Special tokens are predefined tokens used in natural language processing models, particularly those based on architectures like BERT, to handle specific tasks or provide essential information during the tokenization process. The [CLS] token, with an ID of 101, is placed at the beginning of each sequence and is used for classification tasks, where the model's output for this token is interpreted as a summary of the entire sequence. The [SEP] token, ID 102, is used to separate different segments of text, such as separating two sentences in a sequence or marking the end of a single sentence. The [PAD] token, ID 0, is used for padding, ensuring that all sequences in a batch have the same length by filling in extra space with this token. These special tokens help the model understand the structure of the input data and perform tasks more effectively.

## Why are Hugging Face Tokenizers Special?

1. **Speed**: They're implemented in Rust, making them very fast.
2. **Flexibility**: They can be used with various models and tasks.
3. **Pre-training**: They come pre-trained for popular models, saving time and effort.
4. **Customization**: You can fine-tune them for specific tasks or domains.

## Real-world Applications

Hugging Face tokenizers are used in many NLP tasks, including:
- Text classification
- Named Entity Recognition
- Question Answering
- Machine Translation

They're a crucial part of the pipeline in modern NLP systems.

In [16]:
# Let's see how the tokenizer handles a more complex sentence
complex_sentence = "The year is 2023, and AI is advancing rapidly! 🚀"
complex_output = tokenizer(complex_sentence)

print("Tokens for complex sentence:")
print(tokenizer.convert_ids_to_tokens(complex_output['input_ids']))

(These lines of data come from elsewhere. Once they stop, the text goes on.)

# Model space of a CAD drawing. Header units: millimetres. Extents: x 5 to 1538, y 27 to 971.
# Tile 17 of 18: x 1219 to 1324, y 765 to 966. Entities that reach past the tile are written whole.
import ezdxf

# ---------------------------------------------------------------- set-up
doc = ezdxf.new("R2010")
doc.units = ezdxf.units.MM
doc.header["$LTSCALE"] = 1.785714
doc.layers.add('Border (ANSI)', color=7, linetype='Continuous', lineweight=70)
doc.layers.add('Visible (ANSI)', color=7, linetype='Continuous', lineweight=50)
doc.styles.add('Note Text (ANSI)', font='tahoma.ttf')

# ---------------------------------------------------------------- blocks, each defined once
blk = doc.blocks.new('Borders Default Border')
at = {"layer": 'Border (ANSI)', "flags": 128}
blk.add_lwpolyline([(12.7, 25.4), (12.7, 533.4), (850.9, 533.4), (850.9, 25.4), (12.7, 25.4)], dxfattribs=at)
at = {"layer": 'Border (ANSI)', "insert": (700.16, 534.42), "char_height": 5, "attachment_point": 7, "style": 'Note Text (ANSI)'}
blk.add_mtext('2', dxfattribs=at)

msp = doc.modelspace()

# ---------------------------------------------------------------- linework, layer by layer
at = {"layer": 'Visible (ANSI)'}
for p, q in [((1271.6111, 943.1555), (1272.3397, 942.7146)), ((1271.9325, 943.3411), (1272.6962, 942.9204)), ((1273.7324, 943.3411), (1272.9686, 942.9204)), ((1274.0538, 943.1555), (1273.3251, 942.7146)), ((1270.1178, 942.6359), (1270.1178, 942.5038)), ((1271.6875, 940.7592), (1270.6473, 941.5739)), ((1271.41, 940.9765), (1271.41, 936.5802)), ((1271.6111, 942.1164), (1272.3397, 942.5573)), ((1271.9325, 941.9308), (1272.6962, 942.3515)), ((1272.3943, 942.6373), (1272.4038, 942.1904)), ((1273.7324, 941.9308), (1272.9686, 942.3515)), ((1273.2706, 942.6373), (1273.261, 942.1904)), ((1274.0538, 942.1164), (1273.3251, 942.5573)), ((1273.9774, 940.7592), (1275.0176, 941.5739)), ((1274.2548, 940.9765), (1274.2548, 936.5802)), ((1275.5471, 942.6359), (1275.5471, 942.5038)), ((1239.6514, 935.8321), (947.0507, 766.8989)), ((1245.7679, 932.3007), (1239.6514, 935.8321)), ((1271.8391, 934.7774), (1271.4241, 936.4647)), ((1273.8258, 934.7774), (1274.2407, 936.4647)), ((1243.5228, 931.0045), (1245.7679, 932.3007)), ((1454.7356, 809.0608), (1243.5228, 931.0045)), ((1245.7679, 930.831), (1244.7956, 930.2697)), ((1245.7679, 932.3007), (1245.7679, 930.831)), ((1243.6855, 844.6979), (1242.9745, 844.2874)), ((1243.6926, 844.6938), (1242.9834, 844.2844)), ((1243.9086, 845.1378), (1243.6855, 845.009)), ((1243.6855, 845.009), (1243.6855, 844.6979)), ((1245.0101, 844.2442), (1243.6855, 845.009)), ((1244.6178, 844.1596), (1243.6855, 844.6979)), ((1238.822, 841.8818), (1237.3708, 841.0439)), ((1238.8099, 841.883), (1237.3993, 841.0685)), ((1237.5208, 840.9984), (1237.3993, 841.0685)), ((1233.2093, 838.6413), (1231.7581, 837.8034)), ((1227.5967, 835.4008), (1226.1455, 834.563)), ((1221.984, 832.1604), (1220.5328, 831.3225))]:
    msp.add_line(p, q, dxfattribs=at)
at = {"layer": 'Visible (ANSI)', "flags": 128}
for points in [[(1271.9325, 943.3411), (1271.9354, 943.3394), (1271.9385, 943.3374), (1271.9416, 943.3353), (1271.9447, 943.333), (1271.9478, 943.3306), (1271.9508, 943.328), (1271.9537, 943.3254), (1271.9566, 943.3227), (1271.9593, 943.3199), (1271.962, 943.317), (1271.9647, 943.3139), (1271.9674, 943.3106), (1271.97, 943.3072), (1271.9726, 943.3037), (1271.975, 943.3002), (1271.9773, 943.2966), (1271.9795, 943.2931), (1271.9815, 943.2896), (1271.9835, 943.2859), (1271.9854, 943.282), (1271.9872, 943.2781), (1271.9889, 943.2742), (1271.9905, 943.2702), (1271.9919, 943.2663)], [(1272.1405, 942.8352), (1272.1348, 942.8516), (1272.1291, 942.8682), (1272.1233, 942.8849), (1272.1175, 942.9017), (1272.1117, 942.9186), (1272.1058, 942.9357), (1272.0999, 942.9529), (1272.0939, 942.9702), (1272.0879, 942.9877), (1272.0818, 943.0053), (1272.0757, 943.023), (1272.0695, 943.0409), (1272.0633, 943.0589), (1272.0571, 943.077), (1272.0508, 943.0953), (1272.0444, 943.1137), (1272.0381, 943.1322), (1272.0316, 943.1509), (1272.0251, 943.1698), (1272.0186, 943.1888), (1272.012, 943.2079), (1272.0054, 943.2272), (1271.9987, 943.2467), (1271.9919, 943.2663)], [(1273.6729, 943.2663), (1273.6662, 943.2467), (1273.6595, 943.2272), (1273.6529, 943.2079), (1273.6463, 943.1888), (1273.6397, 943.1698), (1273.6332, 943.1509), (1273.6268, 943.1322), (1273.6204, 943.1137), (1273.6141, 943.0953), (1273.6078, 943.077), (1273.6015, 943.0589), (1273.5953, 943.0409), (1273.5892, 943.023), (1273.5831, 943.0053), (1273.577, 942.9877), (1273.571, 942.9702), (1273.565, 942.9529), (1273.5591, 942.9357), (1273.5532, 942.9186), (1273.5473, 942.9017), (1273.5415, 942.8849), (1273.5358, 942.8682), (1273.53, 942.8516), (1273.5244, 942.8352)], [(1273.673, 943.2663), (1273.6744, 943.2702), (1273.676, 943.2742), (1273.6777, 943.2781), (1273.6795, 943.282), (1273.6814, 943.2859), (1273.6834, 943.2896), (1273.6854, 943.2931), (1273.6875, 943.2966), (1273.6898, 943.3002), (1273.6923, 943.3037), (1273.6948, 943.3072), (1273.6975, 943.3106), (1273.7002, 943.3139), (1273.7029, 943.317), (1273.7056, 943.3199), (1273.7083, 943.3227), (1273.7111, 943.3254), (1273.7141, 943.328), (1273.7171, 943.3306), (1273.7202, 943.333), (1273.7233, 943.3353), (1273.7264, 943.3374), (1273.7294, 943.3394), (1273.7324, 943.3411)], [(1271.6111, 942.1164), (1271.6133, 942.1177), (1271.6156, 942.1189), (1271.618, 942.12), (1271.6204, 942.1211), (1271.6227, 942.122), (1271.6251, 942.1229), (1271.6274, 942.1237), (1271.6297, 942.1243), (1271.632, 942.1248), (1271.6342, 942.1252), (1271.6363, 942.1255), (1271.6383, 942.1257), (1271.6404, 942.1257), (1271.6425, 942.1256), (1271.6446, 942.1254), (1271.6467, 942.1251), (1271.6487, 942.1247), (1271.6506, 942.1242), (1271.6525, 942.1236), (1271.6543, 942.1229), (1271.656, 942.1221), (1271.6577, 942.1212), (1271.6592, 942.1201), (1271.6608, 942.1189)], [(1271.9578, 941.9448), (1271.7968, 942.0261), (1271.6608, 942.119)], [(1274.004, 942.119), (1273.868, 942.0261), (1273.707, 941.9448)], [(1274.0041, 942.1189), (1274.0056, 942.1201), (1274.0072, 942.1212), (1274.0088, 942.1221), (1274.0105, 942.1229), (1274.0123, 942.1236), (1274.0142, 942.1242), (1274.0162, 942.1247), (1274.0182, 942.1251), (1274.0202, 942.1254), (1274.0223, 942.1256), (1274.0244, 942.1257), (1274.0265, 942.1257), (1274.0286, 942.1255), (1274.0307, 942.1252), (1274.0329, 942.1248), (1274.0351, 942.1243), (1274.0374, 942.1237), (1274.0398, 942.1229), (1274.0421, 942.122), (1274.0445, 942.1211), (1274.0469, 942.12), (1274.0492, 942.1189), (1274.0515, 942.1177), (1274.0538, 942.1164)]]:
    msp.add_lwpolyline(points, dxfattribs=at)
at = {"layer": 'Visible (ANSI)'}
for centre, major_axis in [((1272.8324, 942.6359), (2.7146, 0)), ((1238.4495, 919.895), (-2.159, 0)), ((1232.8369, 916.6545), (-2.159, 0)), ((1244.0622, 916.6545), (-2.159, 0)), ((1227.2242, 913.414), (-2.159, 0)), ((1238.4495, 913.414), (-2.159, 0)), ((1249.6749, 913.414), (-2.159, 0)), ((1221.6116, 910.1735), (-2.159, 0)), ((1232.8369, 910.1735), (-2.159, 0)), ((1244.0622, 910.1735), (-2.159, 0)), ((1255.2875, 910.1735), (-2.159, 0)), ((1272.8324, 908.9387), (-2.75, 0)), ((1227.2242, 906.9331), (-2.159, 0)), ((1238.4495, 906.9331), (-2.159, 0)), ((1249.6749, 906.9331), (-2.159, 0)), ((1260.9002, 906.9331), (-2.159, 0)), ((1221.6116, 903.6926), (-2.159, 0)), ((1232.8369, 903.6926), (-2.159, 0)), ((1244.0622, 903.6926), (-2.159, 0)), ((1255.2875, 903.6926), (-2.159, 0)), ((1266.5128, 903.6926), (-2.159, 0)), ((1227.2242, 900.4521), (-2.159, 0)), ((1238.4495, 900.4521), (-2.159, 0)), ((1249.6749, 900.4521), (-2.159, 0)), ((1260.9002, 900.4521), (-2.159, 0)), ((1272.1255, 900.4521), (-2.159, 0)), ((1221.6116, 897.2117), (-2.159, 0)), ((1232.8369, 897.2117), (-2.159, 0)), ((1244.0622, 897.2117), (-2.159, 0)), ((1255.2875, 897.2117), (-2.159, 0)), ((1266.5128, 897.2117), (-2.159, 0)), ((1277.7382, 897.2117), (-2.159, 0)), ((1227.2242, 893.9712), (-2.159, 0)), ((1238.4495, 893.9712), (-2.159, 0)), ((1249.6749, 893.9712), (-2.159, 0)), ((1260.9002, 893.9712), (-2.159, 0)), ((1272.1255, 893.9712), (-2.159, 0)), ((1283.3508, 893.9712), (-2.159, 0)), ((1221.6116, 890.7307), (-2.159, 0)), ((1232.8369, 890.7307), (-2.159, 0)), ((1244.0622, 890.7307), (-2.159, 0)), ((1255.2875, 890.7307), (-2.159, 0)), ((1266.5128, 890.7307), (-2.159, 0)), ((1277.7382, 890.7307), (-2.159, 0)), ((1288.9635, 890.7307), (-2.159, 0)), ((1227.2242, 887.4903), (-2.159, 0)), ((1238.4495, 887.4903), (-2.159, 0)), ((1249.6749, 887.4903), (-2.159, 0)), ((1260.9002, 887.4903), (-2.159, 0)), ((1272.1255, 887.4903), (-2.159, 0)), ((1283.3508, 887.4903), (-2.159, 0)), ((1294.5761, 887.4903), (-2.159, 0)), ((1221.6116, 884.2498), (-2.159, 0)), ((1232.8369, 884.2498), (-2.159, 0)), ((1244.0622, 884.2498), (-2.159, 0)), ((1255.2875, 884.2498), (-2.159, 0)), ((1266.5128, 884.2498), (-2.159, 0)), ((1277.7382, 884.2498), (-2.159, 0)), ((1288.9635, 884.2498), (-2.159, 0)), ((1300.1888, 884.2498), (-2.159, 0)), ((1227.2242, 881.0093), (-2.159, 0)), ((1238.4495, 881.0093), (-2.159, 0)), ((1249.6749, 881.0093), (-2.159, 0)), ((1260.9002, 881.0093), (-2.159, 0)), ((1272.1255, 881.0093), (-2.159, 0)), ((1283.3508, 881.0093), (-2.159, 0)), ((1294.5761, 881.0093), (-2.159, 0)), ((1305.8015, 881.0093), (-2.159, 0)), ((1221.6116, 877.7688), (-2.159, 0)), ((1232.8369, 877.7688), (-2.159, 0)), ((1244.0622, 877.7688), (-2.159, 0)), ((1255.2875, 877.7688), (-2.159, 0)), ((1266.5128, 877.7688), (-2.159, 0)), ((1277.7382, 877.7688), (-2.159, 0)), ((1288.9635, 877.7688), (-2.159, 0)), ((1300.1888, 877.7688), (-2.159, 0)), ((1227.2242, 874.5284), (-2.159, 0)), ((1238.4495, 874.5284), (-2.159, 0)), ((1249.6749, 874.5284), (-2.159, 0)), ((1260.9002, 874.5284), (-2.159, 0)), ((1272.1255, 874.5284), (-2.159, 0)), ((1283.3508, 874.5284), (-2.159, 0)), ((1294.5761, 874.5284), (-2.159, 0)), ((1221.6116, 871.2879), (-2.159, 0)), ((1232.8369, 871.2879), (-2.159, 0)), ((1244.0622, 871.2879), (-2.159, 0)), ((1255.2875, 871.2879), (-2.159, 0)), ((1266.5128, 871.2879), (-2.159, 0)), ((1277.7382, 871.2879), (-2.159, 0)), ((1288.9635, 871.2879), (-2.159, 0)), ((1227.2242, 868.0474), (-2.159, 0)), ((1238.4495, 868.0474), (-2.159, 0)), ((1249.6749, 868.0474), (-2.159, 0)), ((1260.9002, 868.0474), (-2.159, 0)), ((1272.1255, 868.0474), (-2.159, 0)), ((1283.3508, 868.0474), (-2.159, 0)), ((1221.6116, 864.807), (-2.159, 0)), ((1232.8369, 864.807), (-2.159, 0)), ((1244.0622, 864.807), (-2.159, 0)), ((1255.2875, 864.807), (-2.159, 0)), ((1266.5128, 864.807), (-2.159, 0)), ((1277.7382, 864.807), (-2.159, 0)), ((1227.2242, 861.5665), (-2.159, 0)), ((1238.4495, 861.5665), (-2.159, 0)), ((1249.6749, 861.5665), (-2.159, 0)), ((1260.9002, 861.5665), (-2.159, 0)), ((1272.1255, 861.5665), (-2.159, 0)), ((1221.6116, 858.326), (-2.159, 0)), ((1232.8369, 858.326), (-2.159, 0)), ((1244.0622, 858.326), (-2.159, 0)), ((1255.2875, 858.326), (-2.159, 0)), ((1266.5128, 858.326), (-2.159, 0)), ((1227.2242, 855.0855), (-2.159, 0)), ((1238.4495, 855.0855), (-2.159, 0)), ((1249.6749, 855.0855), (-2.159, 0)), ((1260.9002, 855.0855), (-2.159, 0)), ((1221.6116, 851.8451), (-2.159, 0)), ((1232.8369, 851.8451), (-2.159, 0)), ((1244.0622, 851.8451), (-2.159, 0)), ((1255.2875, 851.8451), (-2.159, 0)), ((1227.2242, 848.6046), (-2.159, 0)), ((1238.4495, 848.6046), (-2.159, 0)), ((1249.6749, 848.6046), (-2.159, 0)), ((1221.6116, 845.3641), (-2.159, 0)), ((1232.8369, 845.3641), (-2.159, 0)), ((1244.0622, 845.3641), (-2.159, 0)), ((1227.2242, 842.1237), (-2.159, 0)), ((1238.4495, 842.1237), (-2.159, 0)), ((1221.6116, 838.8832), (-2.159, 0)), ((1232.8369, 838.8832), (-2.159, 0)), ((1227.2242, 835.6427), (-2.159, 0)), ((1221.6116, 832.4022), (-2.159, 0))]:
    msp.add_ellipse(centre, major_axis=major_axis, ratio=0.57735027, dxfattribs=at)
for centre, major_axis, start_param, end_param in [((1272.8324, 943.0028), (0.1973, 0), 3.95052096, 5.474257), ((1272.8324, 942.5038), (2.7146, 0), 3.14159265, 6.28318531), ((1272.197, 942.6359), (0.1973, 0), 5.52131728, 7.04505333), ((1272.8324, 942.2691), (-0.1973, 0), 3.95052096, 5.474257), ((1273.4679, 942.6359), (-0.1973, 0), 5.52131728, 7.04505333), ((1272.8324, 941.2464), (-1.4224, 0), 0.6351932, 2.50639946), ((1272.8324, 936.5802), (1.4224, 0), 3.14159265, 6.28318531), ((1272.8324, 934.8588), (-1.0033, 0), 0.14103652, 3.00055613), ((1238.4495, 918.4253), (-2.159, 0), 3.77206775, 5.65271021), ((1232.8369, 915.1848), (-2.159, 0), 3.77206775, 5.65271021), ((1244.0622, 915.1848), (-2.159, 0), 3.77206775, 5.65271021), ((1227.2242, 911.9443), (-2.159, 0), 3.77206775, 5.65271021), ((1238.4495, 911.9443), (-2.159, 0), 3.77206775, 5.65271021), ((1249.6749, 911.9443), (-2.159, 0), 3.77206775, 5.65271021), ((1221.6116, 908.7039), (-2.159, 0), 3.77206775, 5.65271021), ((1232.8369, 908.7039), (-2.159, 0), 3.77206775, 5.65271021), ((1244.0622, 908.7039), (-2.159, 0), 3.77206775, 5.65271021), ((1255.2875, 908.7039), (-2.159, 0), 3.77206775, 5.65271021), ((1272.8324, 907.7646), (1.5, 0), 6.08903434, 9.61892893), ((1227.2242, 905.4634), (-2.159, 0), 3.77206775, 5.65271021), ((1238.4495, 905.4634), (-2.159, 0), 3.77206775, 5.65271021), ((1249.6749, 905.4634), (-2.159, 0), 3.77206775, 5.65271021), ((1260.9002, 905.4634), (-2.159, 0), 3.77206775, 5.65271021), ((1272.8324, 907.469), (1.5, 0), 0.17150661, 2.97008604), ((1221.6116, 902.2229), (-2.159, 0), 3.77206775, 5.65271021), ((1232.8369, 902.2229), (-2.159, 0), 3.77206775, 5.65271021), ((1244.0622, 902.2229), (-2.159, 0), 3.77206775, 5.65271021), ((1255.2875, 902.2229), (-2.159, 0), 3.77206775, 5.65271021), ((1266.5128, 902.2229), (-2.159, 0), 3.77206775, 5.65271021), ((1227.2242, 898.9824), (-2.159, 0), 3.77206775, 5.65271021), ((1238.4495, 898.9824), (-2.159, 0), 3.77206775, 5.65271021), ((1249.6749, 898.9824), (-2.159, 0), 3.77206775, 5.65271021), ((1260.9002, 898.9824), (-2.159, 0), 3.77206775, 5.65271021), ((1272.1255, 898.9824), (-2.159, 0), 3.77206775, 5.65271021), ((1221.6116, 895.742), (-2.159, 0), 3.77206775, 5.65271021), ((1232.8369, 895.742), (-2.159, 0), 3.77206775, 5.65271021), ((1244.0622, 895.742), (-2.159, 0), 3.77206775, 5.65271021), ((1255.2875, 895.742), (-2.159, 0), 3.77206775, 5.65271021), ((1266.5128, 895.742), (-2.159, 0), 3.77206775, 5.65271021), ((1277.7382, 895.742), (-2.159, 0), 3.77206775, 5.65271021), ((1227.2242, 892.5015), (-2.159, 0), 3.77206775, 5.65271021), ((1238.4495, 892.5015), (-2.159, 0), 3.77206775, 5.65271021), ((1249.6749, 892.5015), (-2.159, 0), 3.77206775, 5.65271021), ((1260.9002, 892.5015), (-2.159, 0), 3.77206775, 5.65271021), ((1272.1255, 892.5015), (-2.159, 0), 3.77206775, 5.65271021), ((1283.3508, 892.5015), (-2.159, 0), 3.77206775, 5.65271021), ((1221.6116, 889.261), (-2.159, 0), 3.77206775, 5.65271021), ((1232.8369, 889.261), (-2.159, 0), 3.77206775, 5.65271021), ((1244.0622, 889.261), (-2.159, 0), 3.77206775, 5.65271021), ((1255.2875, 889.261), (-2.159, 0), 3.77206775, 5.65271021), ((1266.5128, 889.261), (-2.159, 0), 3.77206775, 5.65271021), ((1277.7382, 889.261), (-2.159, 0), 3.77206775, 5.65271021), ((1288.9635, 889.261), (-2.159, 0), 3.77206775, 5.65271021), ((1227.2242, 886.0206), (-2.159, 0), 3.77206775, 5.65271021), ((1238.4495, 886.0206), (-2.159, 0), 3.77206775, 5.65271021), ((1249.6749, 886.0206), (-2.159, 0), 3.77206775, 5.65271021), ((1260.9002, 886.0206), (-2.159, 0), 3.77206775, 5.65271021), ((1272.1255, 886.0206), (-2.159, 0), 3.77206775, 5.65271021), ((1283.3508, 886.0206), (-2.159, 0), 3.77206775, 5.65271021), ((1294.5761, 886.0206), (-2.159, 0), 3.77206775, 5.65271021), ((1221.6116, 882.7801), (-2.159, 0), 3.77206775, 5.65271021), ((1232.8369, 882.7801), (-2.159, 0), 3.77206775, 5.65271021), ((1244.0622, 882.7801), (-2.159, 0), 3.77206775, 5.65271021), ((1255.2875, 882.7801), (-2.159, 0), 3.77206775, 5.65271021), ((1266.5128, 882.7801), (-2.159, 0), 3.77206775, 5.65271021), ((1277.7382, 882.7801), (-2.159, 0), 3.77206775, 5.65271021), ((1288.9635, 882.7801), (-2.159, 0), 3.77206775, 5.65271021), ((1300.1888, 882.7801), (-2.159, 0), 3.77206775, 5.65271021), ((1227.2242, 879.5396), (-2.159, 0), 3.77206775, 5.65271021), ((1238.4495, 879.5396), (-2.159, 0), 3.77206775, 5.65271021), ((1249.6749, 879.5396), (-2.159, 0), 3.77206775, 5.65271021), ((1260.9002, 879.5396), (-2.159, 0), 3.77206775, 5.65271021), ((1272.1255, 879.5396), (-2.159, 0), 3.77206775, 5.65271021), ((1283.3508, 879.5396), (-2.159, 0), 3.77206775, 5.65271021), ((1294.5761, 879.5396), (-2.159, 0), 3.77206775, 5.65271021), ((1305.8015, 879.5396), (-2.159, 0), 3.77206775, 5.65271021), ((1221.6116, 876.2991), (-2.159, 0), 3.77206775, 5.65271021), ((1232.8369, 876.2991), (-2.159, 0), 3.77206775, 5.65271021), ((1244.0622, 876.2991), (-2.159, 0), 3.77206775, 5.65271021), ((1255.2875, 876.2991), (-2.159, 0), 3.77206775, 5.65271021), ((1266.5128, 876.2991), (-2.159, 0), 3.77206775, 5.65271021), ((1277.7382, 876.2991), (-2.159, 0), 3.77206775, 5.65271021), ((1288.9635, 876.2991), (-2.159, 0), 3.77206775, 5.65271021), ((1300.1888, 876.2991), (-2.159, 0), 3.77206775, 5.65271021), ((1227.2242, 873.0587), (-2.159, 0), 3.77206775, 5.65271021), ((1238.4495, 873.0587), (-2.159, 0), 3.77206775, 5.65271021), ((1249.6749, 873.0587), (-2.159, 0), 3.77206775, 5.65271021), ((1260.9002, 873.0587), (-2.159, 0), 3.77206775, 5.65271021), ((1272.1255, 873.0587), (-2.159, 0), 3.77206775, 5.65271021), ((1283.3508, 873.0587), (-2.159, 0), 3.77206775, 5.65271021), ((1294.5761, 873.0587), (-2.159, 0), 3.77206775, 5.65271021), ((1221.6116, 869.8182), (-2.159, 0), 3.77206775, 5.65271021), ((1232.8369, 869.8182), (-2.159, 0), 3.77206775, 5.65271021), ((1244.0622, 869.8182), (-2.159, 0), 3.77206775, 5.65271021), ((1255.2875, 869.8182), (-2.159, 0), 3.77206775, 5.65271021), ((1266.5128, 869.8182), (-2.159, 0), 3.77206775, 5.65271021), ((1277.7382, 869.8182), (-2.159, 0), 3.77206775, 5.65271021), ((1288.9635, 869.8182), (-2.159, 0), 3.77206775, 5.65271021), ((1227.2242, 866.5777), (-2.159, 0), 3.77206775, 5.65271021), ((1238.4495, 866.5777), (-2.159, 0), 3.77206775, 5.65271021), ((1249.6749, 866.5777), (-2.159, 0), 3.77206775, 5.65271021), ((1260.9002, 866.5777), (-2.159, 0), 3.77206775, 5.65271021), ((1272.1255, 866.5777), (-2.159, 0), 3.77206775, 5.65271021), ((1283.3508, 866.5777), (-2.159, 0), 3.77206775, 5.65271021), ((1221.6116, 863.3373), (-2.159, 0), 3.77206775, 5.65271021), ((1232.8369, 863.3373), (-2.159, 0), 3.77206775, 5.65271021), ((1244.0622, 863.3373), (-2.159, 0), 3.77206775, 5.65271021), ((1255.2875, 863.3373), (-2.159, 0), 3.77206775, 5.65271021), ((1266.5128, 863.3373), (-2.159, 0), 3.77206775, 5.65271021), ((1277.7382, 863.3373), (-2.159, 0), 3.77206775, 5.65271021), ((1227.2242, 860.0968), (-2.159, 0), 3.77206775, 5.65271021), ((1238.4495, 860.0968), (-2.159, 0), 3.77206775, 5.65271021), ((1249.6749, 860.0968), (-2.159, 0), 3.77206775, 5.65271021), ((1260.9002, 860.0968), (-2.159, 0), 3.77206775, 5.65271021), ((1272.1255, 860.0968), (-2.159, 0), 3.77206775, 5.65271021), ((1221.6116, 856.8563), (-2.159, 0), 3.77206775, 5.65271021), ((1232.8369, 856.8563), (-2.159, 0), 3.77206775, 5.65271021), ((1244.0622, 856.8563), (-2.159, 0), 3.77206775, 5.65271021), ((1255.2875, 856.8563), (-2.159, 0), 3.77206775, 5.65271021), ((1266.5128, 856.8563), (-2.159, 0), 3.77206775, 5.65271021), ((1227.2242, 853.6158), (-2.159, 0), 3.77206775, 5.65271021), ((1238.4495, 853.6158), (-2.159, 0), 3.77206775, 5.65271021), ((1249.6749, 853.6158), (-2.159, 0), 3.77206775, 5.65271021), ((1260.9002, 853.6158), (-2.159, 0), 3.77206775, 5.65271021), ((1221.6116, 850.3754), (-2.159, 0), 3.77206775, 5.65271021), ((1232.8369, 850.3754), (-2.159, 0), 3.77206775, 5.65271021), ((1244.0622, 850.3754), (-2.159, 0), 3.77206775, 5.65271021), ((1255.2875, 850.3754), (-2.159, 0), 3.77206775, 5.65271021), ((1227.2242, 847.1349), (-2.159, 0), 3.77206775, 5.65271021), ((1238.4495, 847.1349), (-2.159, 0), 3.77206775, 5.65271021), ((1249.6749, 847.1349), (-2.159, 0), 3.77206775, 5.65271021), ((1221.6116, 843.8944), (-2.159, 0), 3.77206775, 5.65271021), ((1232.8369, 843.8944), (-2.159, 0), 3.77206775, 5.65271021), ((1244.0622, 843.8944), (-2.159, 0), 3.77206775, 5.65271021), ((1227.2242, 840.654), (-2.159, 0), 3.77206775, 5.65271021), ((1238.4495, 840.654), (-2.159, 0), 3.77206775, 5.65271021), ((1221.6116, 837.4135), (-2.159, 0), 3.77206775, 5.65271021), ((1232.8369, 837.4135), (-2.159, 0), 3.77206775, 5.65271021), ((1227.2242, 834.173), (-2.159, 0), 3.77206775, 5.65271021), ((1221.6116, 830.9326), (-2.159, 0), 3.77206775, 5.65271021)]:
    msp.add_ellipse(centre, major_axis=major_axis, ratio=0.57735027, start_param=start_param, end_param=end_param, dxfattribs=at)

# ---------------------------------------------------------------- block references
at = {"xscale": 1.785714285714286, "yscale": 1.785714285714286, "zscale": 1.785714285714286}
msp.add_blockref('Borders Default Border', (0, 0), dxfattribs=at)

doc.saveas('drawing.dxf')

Tokens for complex sentence:
['[CLS]', 'the', 'year', 'is', '202', '##3', ',', 'and', 'ai', 'is', 'advancing', 'rapidly', '!', '[UNK]', '[SEP]']


As you can see, the tokenizer handles numbers, punctuation, and even emojis!

## Conclusion

Hugging Face tokenizers are powerful tools that bridge the gap between human-readable text and machine-processable data. They're an essential component in modern NLP pipelines, allowing models to understand and generate human language more effectively.

By using pre-trained tokenizers, you can quickly get started with advanced NLP tasks without having to worry about the intricacies of text preprocessing. As you delve deeper into NLP, understanding how these tokenizers work will help you fine-tune your models and tackle more complex language tasks.